Age-dependent modifications of axons, mitochondrial dynamics, and Ca2+ homeostasis underlie the vulnerability of aging white matter to ischemia

Aging white matter (WM) is increasingly susceptible to neurodegenerative diseases and stroke. Among others, changes in ATP production, mitochondrial dynamics, and Ca2+ homeostasis contribute to increased susceptibility of aging WM to stroke. We utilized a pure white matter tract, mouse optic nerve (MON), obtained from 2- and 12-month old mice to quantify axon structure and function using electrophysiology, 3D-EM, immunoblots, and ATP assays. Functionally, aging axons did not recover as well after ischemia compared to young axons.

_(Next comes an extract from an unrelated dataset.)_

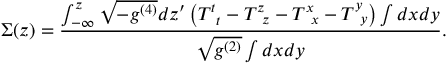<formula> <loc_0><loc_0><loc_500><loc_500>\Sigma ( z ) = \frac { \int _ { - \infty } ^ { z } \sqrt { - g ^ { ( 4 ) } } d z ^ { \prime } \left ( T _ { \, t } ^ { t } - T _ { \, z } ^ { z } - T _ { \, x } ^ { x } - T _ { \, y } ^ { y } \right ) \int d x d y } { \sqrt { g ^ { ( 2 ) } } \int d x d y } .</formula> 
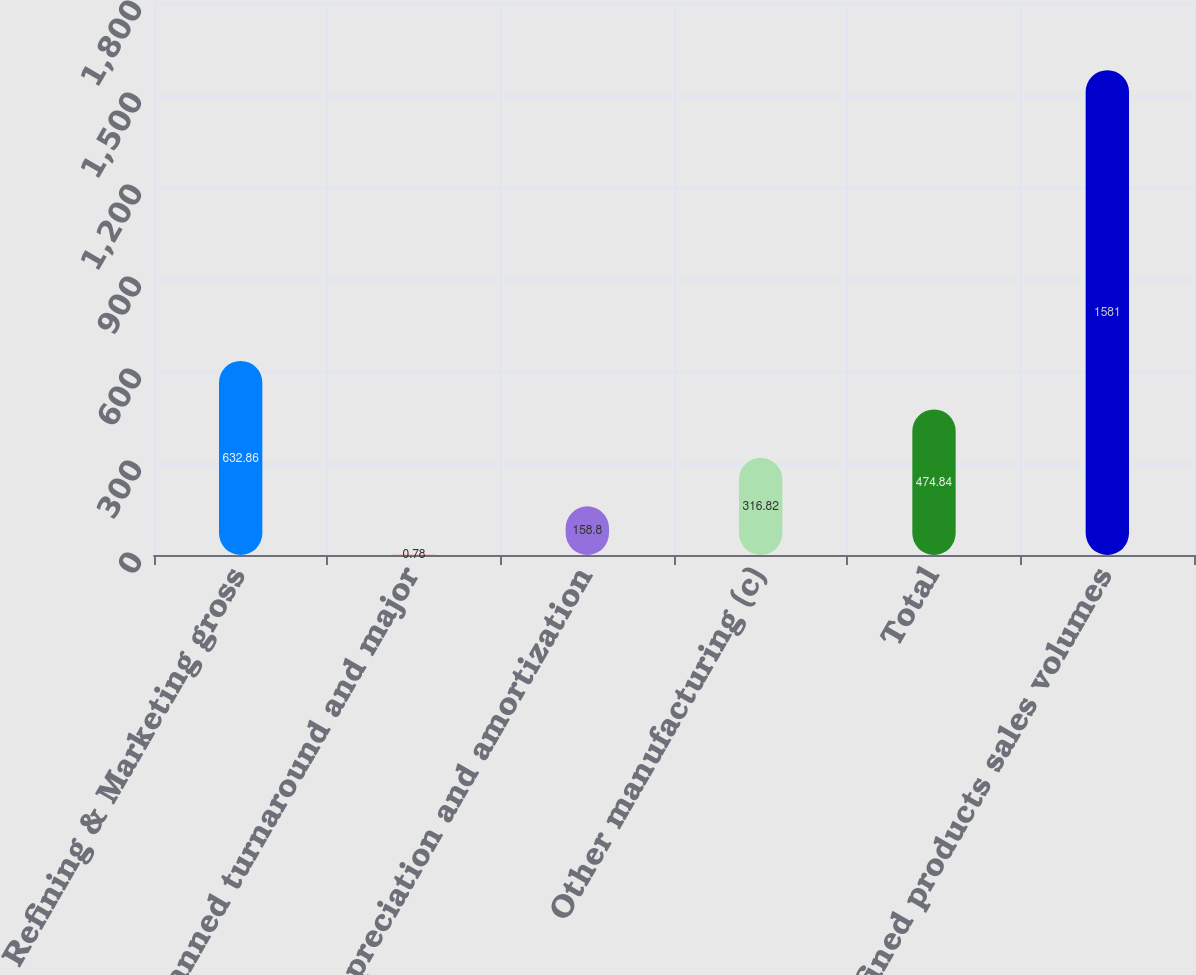Convert chart to OTSL. <chart><loc_0><loc_0><loc_500><loc_500><bar_chart><fcel>Refining & Marketing gross<fcel>Planned turnaround and major<fcel>Depreciation and amortization<fcel>Other manufacturing (c)<fcel>Total<fcel>Refined products sales volumes<nl><fcel>632.86<fcel>0.78<fcel>158.8<fcel>316.82<fcel>474.84<fcel>1581<nl></chart>

Structurally, aging axons became thicker with lower G ratios, indicating increased myelin thickness, as well as increased internodal distances and nodal lengths. Aging axonal mitochondria were larger and thicker with lower incidence of smooth endoplasmic reticulum (SER) association. An increase of mitochondrial fusion proteins with aging resulted in aggregation of mitochondria and together with lower ATP levels suggested mitochondrial dysfunction. Our results suggest that aging alters axonal and mitochondrial structure and function resulting from reduced ATP production that may disrupt Ca2+ homeostasis to underlie the vulnerability of aging WM to ischemia and neurodegenerative diseases.